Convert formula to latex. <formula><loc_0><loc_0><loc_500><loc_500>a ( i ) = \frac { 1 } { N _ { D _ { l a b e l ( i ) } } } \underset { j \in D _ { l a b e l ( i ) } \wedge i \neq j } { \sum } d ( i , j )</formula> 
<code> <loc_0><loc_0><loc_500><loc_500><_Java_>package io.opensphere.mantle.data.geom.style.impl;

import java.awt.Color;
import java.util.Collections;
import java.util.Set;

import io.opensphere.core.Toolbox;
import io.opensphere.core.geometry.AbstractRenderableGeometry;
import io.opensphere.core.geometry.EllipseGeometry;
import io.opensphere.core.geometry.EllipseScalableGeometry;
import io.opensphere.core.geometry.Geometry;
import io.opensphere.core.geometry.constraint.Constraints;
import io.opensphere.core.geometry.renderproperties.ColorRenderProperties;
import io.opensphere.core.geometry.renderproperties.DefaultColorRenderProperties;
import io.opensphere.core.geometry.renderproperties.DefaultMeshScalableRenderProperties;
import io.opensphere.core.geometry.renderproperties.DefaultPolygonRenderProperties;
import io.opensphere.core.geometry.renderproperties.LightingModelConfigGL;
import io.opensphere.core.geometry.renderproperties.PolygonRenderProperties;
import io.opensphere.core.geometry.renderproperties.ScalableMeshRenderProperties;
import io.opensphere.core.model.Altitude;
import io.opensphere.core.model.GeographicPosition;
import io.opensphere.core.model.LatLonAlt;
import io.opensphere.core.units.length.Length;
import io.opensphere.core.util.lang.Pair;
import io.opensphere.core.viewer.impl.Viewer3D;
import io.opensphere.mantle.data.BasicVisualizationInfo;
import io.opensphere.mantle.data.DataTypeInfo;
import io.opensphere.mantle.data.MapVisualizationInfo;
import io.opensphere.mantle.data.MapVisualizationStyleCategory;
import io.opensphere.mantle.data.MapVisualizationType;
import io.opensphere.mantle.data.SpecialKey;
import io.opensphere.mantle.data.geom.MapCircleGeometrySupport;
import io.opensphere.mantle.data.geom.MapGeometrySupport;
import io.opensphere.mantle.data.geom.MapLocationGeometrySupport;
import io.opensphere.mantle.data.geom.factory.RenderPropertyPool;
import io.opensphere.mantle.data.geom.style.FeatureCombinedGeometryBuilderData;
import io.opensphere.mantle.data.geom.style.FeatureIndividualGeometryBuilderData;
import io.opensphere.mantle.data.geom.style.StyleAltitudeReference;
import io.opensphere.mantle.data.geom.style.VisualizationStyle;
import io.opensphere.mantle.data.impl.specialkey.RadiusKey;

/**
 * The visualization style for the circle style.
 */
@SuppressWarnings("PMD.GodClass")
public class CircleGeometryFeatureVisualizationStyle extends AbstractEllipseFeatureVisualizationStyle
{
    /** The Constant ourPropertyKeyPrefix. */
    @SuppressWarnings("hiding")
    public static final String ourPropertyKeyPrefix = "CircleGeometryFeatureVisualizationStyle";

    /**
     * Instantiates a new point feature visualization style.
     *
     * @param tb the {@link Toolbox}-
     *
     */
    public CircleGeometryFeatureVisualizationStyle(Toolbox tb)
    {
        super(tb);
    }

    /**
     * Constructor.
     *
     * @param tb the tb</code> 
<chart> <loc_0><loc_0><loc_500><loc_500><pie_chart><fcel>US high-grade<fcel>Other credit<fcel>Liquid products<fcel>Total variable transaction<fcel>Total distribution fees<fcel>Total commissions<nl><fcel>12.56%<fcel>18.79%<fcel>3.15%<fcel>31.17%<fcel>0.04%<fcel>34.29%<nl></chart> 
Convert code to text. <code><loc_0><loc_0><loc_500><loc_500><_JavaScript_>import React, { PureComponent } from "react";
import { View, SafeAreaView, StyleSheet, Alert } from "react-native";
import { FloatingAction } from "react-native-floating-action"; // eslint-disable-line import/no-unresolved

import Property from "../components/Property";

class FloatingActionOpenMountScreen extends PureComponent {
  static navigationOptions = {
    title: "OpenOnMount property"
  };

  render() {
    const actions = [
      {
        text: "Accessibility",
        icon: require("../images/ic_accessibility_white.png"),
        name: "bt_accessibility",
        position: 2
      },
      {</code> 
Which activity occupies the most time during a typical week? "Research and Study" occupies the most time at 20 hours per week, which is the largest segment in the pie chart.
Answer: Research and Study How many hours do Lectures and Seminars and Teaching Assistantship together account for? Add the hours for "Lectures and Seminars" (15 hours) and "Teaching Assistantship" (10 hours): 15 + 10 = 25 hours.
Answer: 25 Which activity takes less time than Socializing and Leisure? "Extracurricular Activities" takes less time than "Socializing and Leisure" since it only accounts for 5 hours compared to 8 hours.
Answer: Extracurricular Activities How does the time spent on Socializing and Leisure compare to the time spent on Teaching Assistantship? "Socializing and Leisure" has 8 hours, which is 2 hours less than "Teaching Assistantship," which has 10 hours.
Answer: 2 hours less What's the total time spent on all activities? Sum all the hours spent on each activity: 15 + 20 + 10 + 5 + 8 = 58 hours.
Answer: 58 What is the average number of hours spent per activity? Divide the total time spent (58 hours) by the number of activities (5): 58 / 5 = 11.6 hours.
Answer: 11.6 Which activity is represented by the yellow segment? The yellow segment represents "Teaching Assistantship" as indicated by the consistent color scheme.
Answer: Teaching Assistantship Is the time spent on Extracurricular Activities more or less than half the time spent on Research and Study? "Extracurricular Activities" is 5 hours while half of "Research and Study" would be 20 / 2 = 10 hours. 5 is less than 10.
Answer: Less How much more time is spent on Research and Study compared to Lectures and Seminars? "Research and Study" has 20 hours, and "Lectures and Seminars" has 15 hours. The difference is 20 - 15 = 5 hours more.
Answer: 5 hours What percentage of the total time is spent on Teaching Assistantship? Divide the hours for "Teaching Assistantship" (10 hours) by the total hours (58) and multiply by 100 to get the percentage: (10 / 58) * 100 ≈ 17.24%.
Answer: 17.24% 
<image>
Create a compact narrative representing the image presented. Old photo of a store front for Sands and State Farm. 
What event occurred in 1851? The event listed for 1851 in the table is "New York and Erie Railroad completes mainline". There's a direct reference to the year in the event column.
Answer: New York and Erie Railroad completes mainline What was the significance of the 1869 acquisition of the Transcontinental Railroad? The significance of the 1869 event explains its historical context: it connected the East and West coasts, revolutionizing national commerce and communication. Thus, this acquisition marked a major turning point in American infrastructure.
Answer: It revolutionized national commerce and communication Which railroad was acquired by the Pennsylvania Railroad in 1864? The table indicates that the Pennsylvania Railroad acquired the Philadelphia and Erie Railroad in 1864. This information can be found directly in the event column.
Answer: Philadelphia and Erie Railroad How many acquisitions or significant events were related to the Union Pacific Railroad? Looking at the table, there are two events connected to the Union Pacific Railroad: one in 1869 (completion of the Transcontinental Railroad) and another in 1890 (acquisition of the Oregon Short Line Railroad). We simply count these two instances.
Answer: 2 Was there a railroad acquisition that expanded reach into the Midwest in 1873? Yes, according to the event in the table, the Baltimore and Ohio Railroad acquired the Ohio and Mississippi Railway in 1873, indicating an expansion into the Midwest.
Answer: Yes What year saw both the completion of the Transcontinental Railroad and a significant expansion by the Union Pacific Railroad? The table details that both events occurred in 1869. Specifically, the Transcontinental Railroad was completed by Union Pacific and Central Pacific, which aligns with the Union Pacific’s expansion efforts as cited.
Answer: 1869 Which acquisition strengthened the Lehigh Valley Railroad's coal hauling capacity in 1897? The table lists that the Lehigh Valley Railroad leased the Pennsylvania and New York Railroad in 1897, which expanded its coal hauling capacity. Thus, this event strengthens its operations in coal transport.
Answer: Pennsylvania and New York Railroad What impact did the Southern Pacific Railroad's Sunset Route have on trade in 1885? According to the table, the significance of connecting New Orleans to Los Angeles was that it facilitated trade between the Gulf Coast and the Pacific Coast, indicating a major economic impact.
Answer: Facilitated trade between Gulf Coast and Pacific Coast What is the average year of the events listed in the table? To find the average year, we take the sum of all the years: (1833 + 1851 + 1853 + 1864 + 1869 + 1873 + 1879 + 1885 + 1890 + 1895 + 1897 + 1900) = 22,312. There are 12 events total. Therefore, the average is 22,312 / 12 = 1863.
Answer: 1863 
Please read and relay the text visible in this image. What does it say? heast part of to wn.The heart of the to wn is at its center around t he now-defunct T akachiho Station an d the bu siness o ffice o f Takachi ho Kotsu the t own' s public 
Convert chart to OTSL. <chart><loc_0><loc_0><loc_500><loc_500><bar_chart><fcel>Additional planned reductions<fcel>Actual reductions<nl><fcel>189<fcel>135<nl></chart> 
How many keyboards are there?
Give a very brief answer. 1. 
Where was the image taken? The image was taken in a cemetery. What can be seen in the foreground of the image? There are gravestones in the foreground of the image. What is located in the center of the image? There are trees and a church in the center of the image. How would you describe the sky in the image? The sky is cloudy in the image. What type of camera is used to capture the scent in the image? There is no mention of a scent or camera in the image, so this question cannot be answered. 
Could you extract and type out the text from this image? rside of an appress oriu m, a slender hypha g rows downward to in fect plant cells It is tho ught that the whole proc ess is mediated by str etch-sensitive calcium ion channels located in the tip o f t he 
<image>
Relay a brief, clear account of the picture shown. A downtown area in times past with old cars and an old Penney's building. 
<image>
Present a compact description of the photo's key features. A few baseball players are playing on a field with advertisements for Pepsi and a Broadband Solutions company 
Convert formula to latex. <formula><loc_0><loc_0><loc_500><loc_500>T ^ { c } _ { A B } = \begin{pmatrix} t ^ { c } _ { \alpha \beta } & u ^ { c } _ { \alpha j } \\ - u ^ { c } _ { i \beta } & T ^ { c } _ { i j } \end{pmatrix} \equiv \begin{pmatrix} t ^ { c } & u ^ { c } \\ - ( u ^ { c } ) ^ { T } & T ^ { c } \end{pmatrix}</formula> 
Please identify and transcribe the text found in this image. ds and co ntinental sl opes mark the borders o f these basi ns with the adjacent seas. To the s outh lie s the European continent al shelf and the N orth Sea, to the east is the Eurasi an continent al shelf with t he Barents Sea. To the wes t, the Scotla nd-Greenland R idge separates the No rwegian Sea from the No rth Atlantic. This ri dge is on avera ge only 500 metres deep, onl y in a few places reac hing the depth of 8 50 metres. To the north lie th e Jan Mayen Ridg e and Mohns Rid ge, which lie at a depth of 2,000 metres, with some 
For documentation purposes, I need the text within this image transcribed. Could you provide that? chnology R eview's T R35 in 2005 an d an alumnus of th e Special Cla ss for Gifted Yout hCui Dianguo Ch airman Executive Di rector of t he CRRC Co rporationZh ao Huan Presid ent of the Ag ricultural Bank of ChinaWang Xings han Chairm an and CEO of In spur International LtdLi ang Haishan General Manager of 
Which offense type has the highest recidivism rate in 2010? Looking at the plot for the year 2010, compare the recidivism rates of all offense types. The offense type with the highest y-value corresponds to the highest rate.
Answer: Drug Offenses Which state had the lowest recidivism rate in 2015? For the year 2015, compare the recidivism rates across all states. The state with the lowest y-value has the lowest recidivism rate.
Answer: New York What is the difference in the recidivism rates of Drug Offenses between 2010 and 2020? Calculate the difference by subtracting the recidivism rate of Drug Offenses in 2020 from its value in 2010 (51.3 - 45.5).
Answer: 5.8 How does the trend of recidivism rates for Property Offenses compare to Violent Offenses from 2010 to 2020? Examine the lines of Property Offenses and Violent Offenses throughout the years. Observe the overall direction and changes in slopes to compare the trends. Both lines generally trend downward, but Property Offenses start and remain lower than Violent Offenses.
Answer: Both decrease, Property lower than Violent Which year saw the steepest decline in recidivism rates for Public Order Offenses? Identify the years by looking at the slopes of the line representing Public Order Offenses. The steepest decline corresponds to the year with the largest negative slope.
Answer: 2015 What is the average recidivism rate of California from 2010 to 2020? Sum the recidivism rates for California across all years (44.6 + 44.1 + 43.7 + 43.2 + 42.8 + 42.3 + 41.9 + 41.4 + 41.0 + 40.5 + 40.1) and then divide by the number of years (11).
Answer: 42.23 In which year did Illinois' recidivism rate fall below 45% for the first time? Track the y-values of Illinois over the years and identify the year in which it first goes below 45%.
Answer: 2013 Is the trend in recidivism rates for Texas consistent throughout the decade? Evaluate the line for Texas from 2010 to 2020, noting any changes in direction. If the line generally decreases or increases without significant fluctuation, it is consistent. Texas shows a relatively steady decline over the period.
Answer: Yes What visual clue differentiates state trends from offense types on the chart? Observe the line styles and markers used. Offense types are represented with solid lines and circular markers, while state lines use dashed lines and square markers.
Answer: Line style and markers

::::

For this task, copy every line of the material in which "representing" appears.

### [SOLUTION TO THE PROBLEM]
Create a compact narrative representing the image presented. Old photo of a store front for Sands and State Farm. 
Answer: Both decrease, Property lower than Violent Which year saw the steepest decline in recidivism rates for Public Order Offenses? Identify the years by looking at the slopes of the line representing Public Order Offenses. The steepest decline corresponds to the year with the largest negative slope.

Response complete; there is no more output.